Active and passive mass transport properties—at the molecular level and above—are also the focus of new research sparked by this development. Mass transport has, of course, been extensively studied at the macroscopic level and in bulk systems. In contrast, using molecular design allows controlling mass transport in supramolecular systems and guiding interactions between large ensembles of molecules with specific functions—what we refer to as complex molecular systems. My personal feeling is that controlling active mass transport at intermediate length scales offers tremendous opportunities for the future.

What direction do you think your research field should go in?

I believe that the development of artificial intelligence will have a significant impact on all research fields, including chemistry. We are currently experiencing a paradigm shift, where we go from a traditional way of doing chemistry, towards automatized laboratories where the production of large data sets will be coupled to artificial intelligence, to aid discovery. The effectiveness of these approaches will also facilitate major steps towards sustainable formulations and a circular chemical industry. Such a change of paradigm impacts academic research, chemical industries, and also education – it implies that we will change the minds of educators, and altogether it’s a very exciting time for the chemistry community. We can’t be sure where it will lead us, but there is a general trend and every day we discover new things along the way.

What attracted you to becoming an Editorial Board Member for Communications Chemistry? What have you gotten out of the experience?

I view my position on the Editorial Board as a chance to contribute to shaping the future of chemistry, if only on a small scale. I specifically chose to contribute to Communications Chemistry after being asked by a former PhD student of Steve Fletcher, who was Associate Editor at the time. I always have had relations of trust with Andrew and therefore I was inclined to accept the invitation. I see my task as contributing to building a community in the fields of molecular machines and systems chemistry and bringing people together, so they can become more than the sum of their parts.

How do your editorial responsibilities integrate with your academic role?

As scientists we bear responsibility towards society—we educate, we communicate, and also we work on scientific problems that are relevant for both chemistry and society. If one is isolated, it is not always easy to have a feeling for what is relevant. Editorial responsibilities keep you alert in terms of broader interests, what is relevant, where chemistry should go.
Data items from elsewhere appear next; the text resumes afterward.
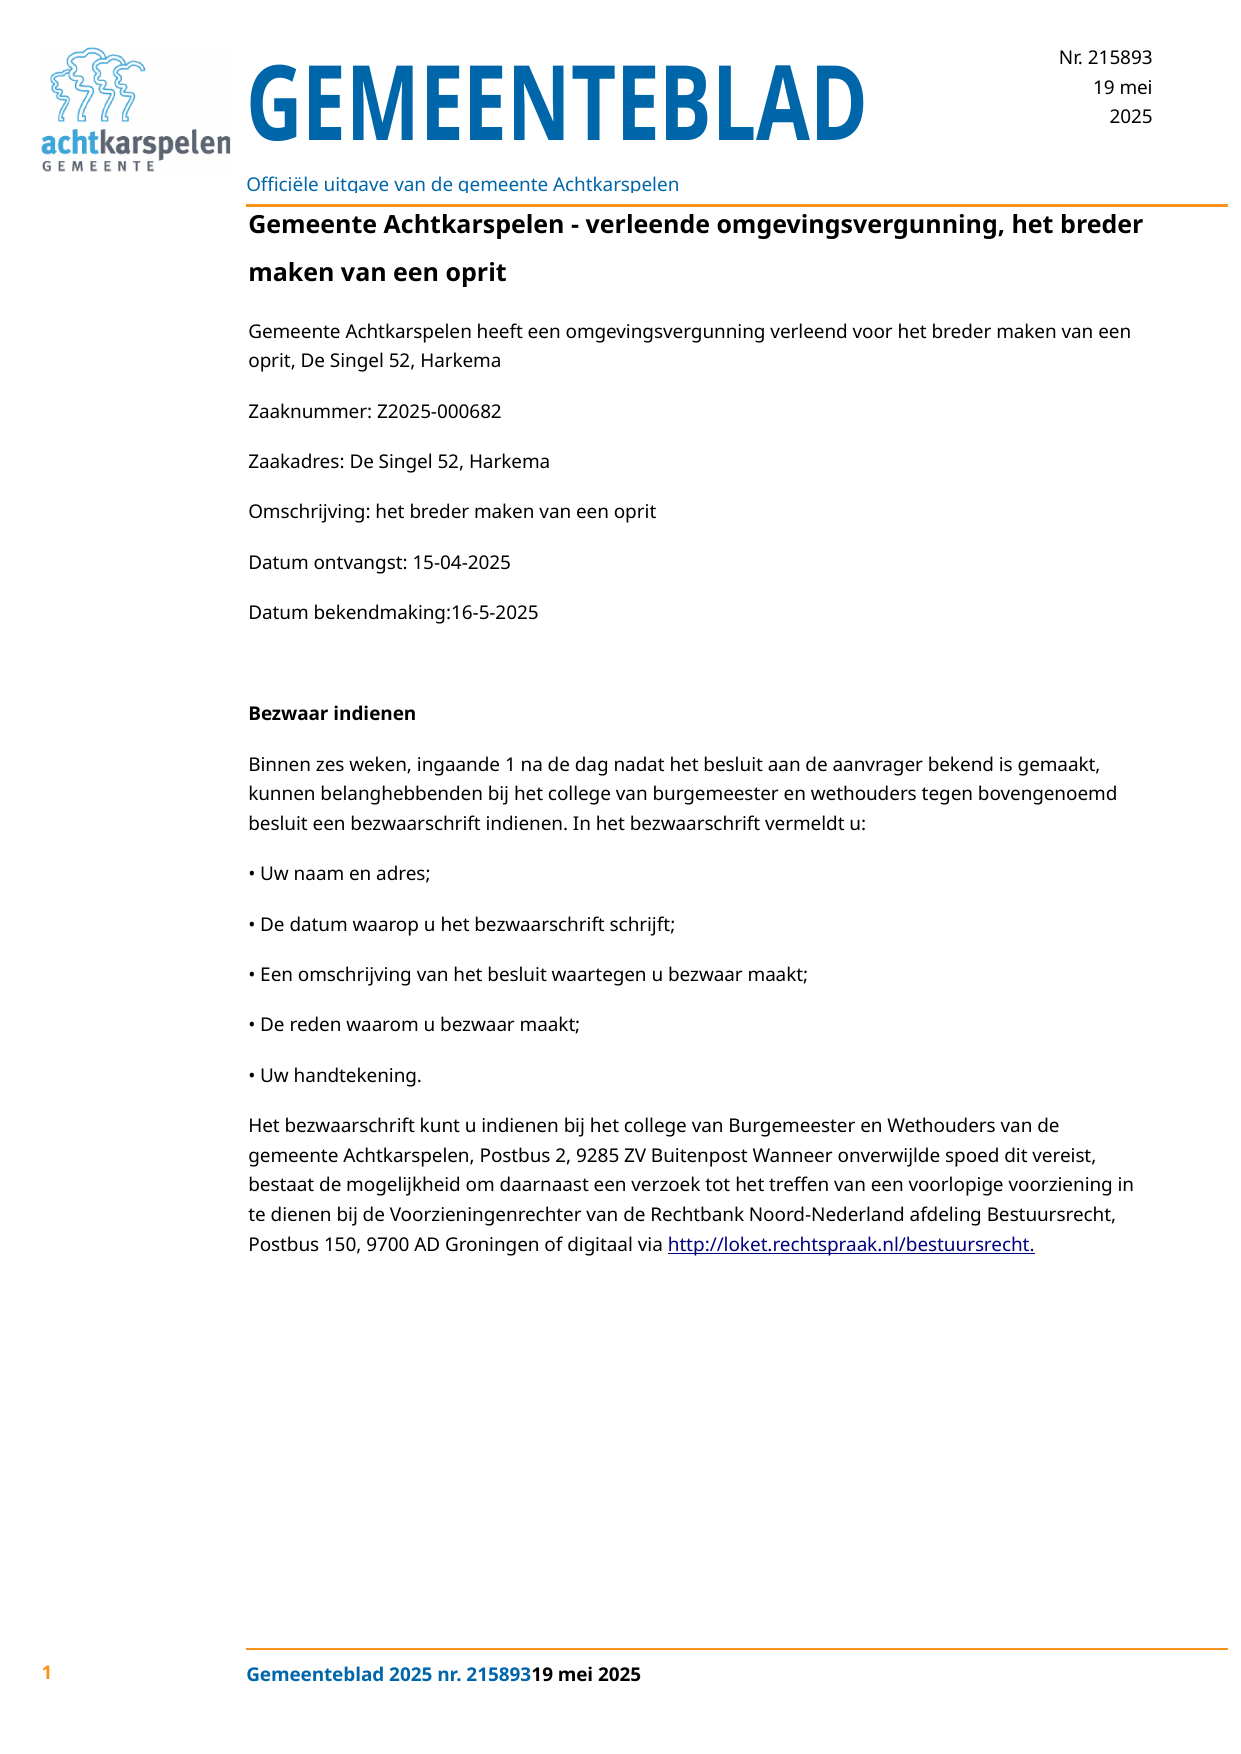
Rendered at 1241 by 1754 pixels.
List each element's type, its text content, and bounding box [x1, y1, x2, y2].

text • De datum waarop u het bezwaarschrift schrijft; [248, 911, 1152, 937]
text Het bezwaarschrift kunt u indienen bij het college van Burgemeester en Wethouders van de gemeente Achtkarspelen, Postbus 2, 9285 ZV Buitenpost Wanneer onverwijlde spoed dit vereist, bestaat de mogelijkheid om daarnaast een verzoek tot het treffen van een voorlopige voorziening in te dienen bij de Voorzieningenrechter van de Rechtbank Noord-Nederland afdeling Bestuursrecht, Postbus 150, 9700 AD Groningen of digitaal via http://loket.rechtspraak.nl/bestuursrecht. [248, 1112, 1152, 1257]
text Bezwaar indienen [248, 700, 1152, 726]
text • De reden waarom u bezwaar maakt; [248, 1012, 1152, 1037]
text • Uw handtekening. [248, 1062, 1152, 1088]
text Gemeente Achtkarspelen - verleende omgevingsvergunning, het breder maken van een oprit [248, 207, 1152, 288]
text Datum ontvangst: 15-04-2025 [248, 549, 1152, 575]
text Datum bekendmaking:16-5-2025 [248, 599, 1152, 625]
text • Uw naam en adres; [248, 860, 1152, 886]
text • Een omschrijving van het besluit waartegen u bezwaar maakt; [248, 961, 1152, 987]
text Zaaknummer: Z2025-000682 [248, 398, 1152, 424]
text Binnen zes weken, ingaande 1 na de dag nadat het besluit aan de aanvrager bekend is gemaakt, kunnen belanghebbenden bij het college van burgemeester en wethouders tegen bovengenoemd besluit een bezwaarschrift indienen. In het bezwaarschrift vermeldt u: [248, 751, 1152, 836]
text Gemeente Achtkarspelen heeft een omgevingsvergunning verleend voor het breder maken van een oprit, De Singel 52, Harkema [248, 318, 1152, 373]
picture [41, 47, 231, 172]
text Zaakadres: De Singel 52, Harkema [248, 448, 1152, 474]
text Omschrijving: het breder maken van een oprit [248, 499, 1152, 524]

Beyond my own community, the work keeps me engaged with the whole chemistry community.

What do you see as the role of Communications Chemistry in the scientific community?

Within the Nature Portfolio, Communications Chemistry embraces the possibility to do things differently—it promotes open access publication, maintains close collaboration between Editorial Board Members and professional editors to exchange good practices and different ways of doing things, offers the possibility to publish valuable, solid and sound chemistry. The journal also tries original initiatives, like supporting young investigators financially to attend conferences or acknowledging reviewer’s work with reviewer of the month nominations.

This interview was conducted by the editors of Communications Chemistry.